▶ **TASK OBJECTIVE**
A word-for-word copy of the entries, with images excluded, is the expected answer.

==== SOURCE RECORDS ====

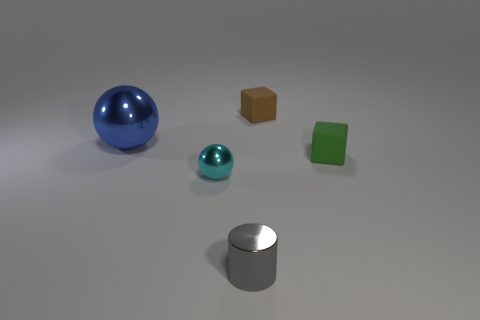What number of small things are either gray shiny cylinders or brown rubber things?
Give a very brief answer. 2. How many spheres are the same material as the green thing?
Your answer should be compact. 0. There is a metallic sphere that is in front of the large metallic thing; what is its size?
Your answer should be very brief. Small. There is a thing that is in front of the small shiny thing on the left side of the gray metallic cylinder; what is its shape?
Make the answer very short. Cylinder. There is a tiny block that is behind the matte object that is in front of the brown block; how many small matte objects are on the right side of it?
Offer a terse response. 1. Are there fewer tiny spheres behind the small sphere than blue cylinders?
Your answer should be compact. No. Is there anything else that is the same shape as the gray object?
Keep it short and to the point. No. What shape is the metal thing behind the small green thing?
Give a very brief answer. Sphere. What is the shape of the metal thing that is behind the small shiny thing behind the tiny gray shiny cylinder in front of the tiny brown thing?
Your response must be concise. Sphere. How many things are tiny green shiny cubes or small green cubes?
Ensure brevity in your answer.  1. 
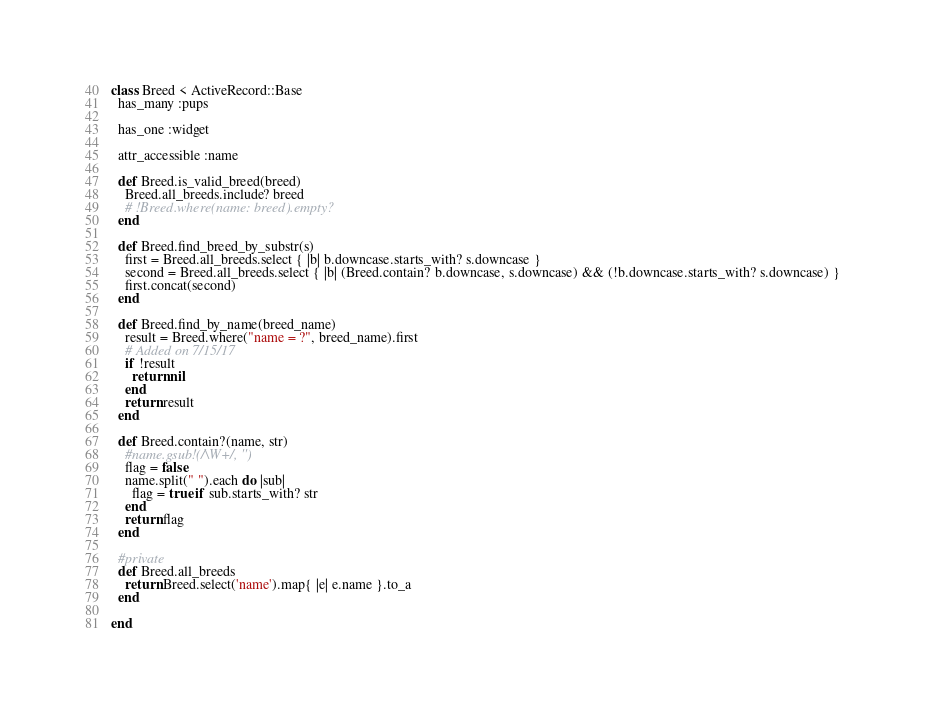Convert code to text. <code><loc_0><loc_0><loc_500><loc_500><_Ruby_>class Breed < ActiveRecord::Base
  has_many :pups
  
  has_one :widget
  
  attr_accessible :name

  def Breed.is_valid_breed(breed)
    Breed.all_breeds.include? breed
    # !Breed.where(name: breed).empty?
  end

  def Breed.find_breed_by_substr(s)
    first = Breed.all_breeds.select { |b| b.downcase.starts_with? s.downcase }
    second = Breed.all_breeds.select { |b| (Breed.contain? b.downcase, s.downcase) && (!b.downcase.starts_with? s.downcase) }
    first.concat(second)
  end

  def Breed.find_by_name(breed_name)
    result = Breed.where("name = ?", breed_name).first
    # Added on 7/15/17
    if !result
      return nil
    end
    return result
  end
  
  def Breed.contain?(name, str)
    #name.gsub!(/\W+/, '')
    flag = false
    name.split(" ").each do |sub|
      flag = true if sub.starts_with? str
    end
    return flag
  end

  #private
  def Breed.all_breeds
    return Breed.select('name').map{ |e| e.name }.to_a
  end

end
</code> 
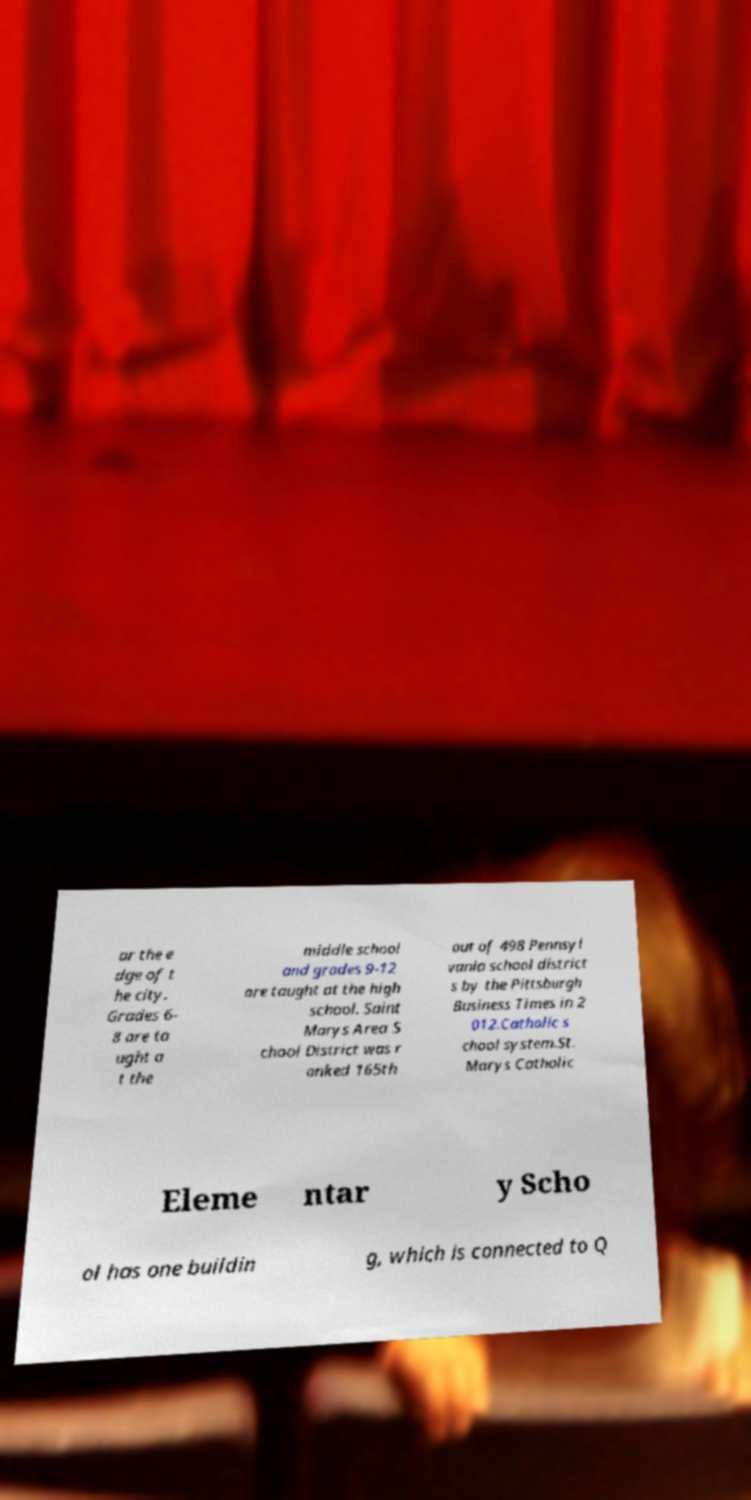Could you extract and type out the text from this image? ar the e dge of t he city. Grades 6- 8 are ta ught a t the middle school and grades 9-12 are taught at the high school. Saint Marys Area S chool District was r anked 165th out of 498 Pennsyl vania school district s by the Pittsburgh Business Times in 2 012.Catholic s chool system.St. Marys Catholic Eleme ntar y Scho ol has one buildin g, which is connected to Q

====

▶ **OUTPUT OF THE EXERCISE**
What number of small things are either gray shiny cylinders or brown rubber things?
Give a very brief answer. 2. How many spheres are the same material as the green thing?
Your answer should be compact. 0. There is a metallic sphere that is in front of the large metallic thing; what is its size?
Your answer should be very brief. Small. There is a thing that is in front of the small shiny thing on the left side of the gray metallic cylinder; what is its shape?
Make the answer very short. Cylinder. There is a tiny block that is behind the matte object that is in front of the brown block; how many small matte objects are on the right side of it?
Offer a terse response. 1. Are there fewer tiny spheres behind the small sphere than blue cylinders?
Your answer should be compact. No. Is there anything else that is the same shape as the gray object?
Keep it short and to the point. No. What shape is the metal thing behind the small green thing?
Give a very brief answer. Sphere. What is the shape of the metal thing that is behind the small shiny thing behind the tiny gray shiny cylinder in front of the tiny brown thing?
Your response must be concise. Sphere. How many things are tiny green shiny cubes or small green cubes?
Ensure brevity in your answer.  1. 
Convert code to text. <code><loc_0><loc_0><loc_500><loc_500><_Ruby_>class Breed < ActiveRecord::Base
  has_many :pups
  
  has_one :widget
  
  attr_accessible :name

  def Breed.is_valid_breed(breed)
    Breed.all_breeds.include? breed
    # !Breed.where(name: breed).empty?
  end

  def Breed.find_breed_by_substr(s)
    first = Breed.all_breeds.select { |b| b.downcase.starts_with? s.downcase }
    second = Breed.all_breeds.select { |b| (Breed.contain? b.downcase, s.downcase) && (!b.downcase.starts_with? s.downcase) }
    first.concat(second)
  end

  def Breed.find_by_name(breed_name)
    result = Breed.where("name = ?", breed_name).first
    # Added on 7/15/17
    if !result
      return nil
    end
    return result
  end
  
  def Breed.contain?(name, str)
    #name.gsub!(/\W+/, '')
    flag = false
    name.split(" ").each do |sub|
      flag = true if sub.starts_with? str
    end
    return flag
  end

  #private
  def Breed.all_breeds
    return Breed.select('name').map{ |e| e.name }.to_a
  end

end
</code> 
Could you extract and type out the text from this image? ar the e dge of t he city. Grades 6- 8 are ta ught a t the middle school and grades 9-12 are taught at the high school. Saint Marys Area S chool District was r anked 165th out of 498 Pennsyl vania school district s by the Pittsburgh Business Times in 2 012.Catholic s chool system.St. Marys Catholic Eleme ntar y Scho ol has one buildin g, which is connected to Q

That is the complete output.